→ **Your assignment**: From the entries below, copy every line holding the word "name".

(Data records begins)

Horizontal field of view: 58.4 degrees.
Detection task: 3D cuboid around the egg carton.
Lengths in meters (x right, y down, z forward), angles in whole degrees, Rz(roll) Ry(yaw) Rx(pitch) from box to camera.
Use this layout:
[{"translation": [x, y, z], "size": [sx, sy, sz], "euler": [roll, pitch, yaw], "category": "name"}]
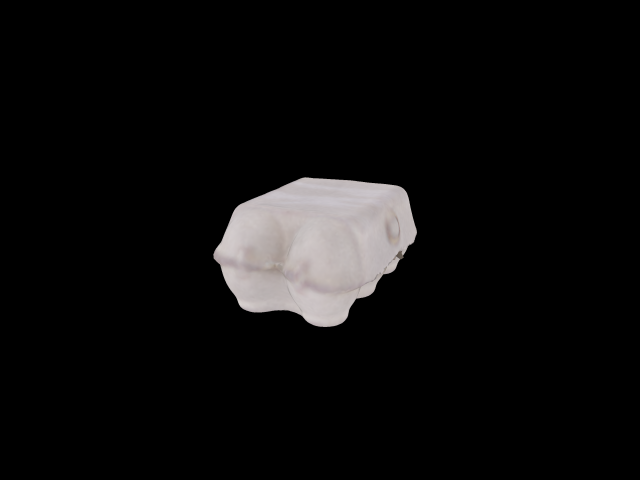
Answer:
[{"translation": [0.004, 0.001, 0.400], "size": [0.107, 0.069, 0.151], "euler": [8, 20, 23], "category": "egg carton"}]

(Data records ends)
(Data records begins)

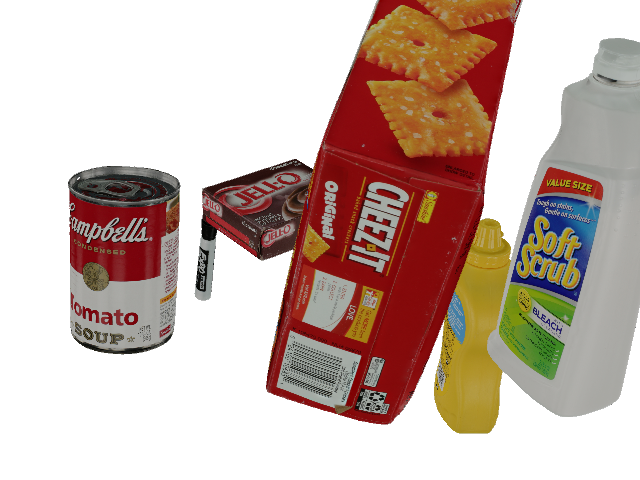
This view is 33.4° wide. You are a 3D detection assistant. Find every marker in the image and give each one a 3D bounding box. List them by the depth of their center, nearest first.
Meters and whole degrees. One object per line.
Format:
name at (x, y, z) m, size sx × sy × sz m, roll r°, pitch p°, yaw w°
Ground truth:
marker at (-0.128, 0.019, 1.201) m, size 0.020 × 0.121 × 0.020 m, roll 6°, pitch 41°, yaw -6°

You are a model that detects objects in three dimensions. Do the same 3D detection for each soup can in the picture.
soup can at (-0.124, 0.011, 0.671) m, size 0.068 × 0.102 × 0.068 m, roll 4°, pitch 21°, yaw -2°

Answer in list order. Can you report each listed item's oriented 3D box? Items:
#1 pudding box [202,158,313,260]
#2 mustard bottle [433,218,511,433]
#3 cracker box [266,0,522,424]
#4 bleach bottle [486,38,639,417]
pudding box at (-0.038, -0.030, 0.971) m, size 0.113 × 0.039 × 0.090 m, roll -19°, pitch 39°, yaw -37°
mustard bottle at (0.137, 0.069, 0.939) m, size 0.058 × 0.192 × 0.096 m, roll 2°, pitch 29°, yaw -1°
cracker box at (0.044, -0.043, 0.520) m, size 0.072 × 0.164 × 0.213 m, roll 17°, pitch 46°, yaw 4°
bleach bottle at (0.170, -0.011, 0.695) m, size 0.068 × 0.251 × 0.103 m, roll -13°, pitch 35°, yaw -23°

(Data records ends)

→ **Response**:
[{"translation": [x, y, z], "size": [sx, sy, sz], "euler": [roll, pitch, yaw], "category": "name"}]
name at (x, y, z) m, size sx × sy × sz m, roll r°, pitch p°, yaw w°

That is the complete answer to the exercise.